The δ18O versus temperature relationships found in the literature (Fig. 2) span values ranging between 0.2 ‰/°C to 1.5 ‰/°C. From this compilation, it is clear that a more complex framework than simple linear regression to temperature is necessary to interpret the isotopic signal.

Conclusions

If water isotopes from ice core records are insightful tools to reconstruct past climates, there are fundamental limits to their power of reconstruction.

The above therefore calls for a careful use of isotopic records when these time-series are used for general inferences about the climate system (e.g. Huybers and Curry (2006)). A possible way forward is to use isotope-enabled global climate models (Sime et al. 2009). A complementary approach is to undertake process field studies (Casado et al. 2016), which can help to evaluate how the isotopic signal is modified after the deposition, and how the relationship between isotopes and temperature is altered at the seasonal and inter annual timescales.

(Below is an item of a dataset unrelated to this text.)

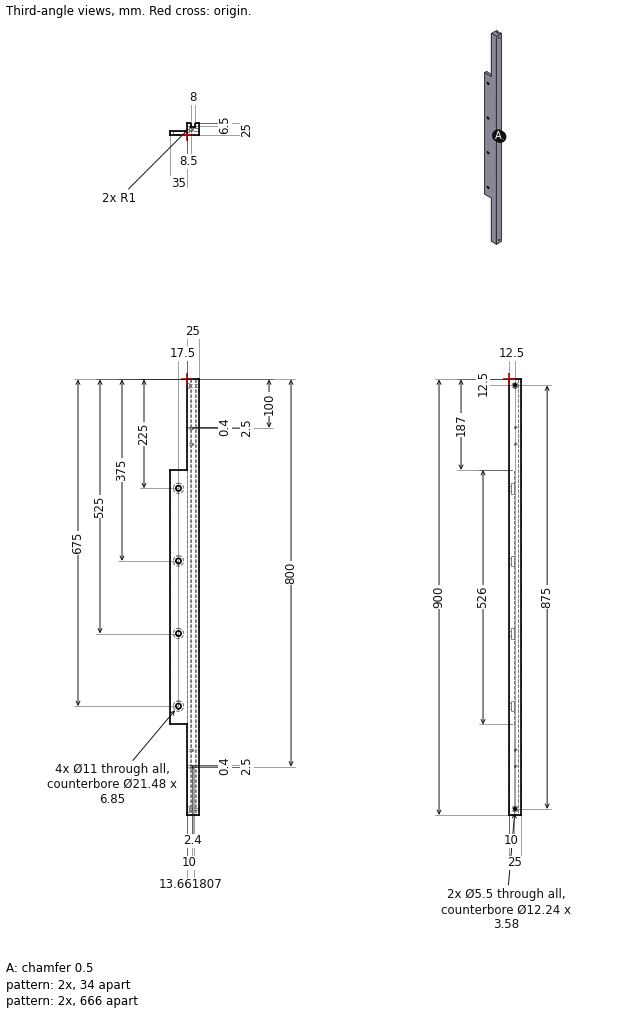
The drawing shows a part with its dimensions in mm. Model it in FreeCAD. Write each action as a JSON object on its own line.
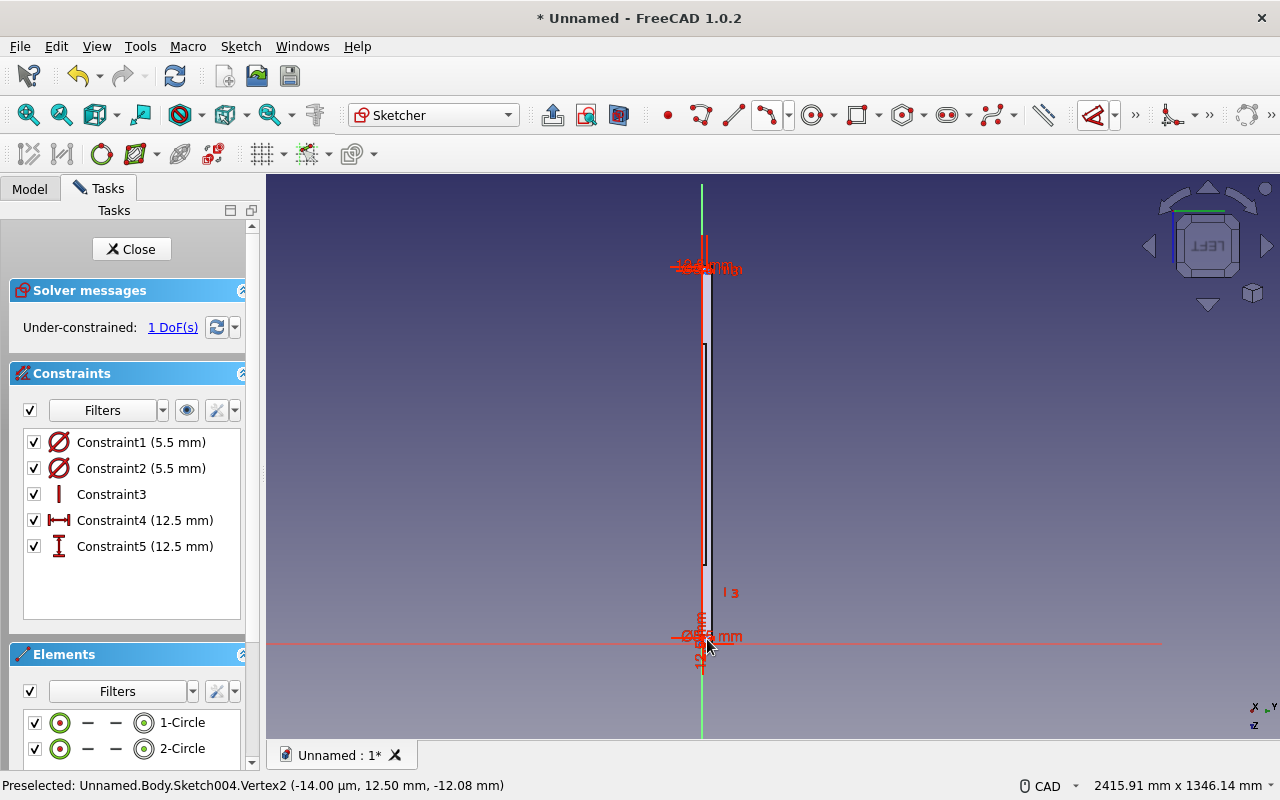
{"action": "left_click", "coordinate": [707, 271]}

The Beyond EPICA – Oldest Ice project plans to retrieve an ice core in Antarctica in which over 1.5 million years of climatic record could be retrieved. This will enable to go further back than the 800, 000 years old ice core obtained at Dome C and thus, would be a breakthrough into studying the changes in orbital forcing during the mid-Pleistocene transition (900 to 1,200 thousand years ago) during which the glacial-interglacial cycles shifted from lasting 41, 000 years on average to 100, 000 years.